Indigenous health

Australian Aboriginal and Torres Strait Islander people continue to suffer the worst health of any group in Australia. The average life expectancy of Indigenous people in Australia is 17 years less than for non-Indigenous people, and mortality rates for Aboriginal children under the age of one are approaching twice those of non-Indigenous children.

As well as developing new vaccines and other technologies to improve Indigenous health, all the evidence points to the need to truly engage Indigenous populations in the quest to improve their own health outcomes.
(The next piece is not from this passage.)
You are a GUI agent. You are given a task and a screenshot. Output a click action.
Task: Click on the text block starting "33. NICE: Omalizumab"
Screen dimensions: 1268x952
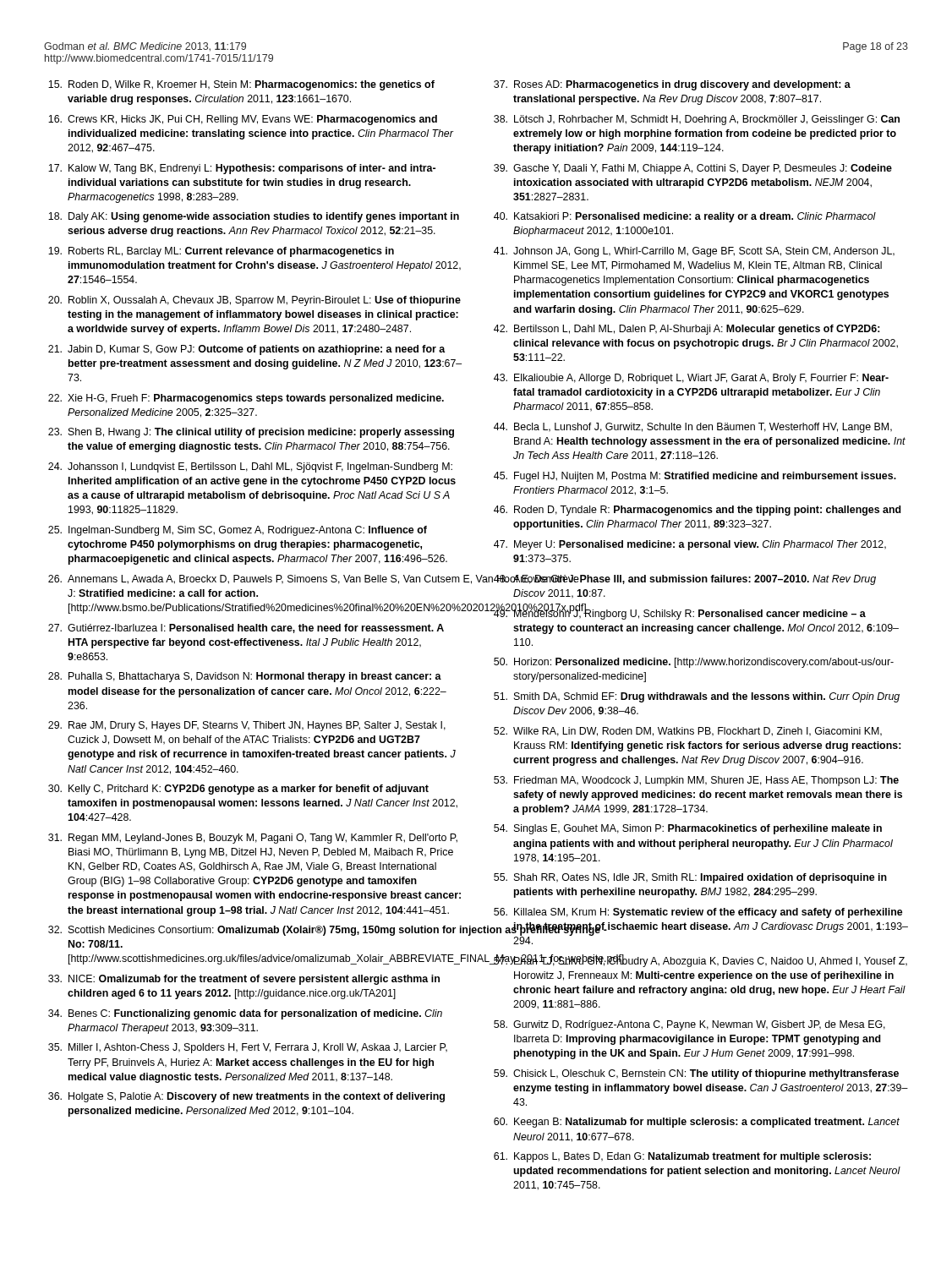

In tropical Queensland and Australia remote Indigenous communities, particularly the Torres Strait and northern Cape York Peninsula Area, are on the 'front line' in terms of the introduction of new and exotic diseases to Australia. This is evidenced by outbreaks in recent years of dengue and Japanese Encephalitis in the Torres Strait and the threat of TB and HIV, as well as typhoid, cholera and emerging infectious diseases that may enter Australia via the 'Indo-Papuan conduit'. To add to this disease burden the same communities are experiencing soaring rates of chronic diseases such as diabetes and kidney disease.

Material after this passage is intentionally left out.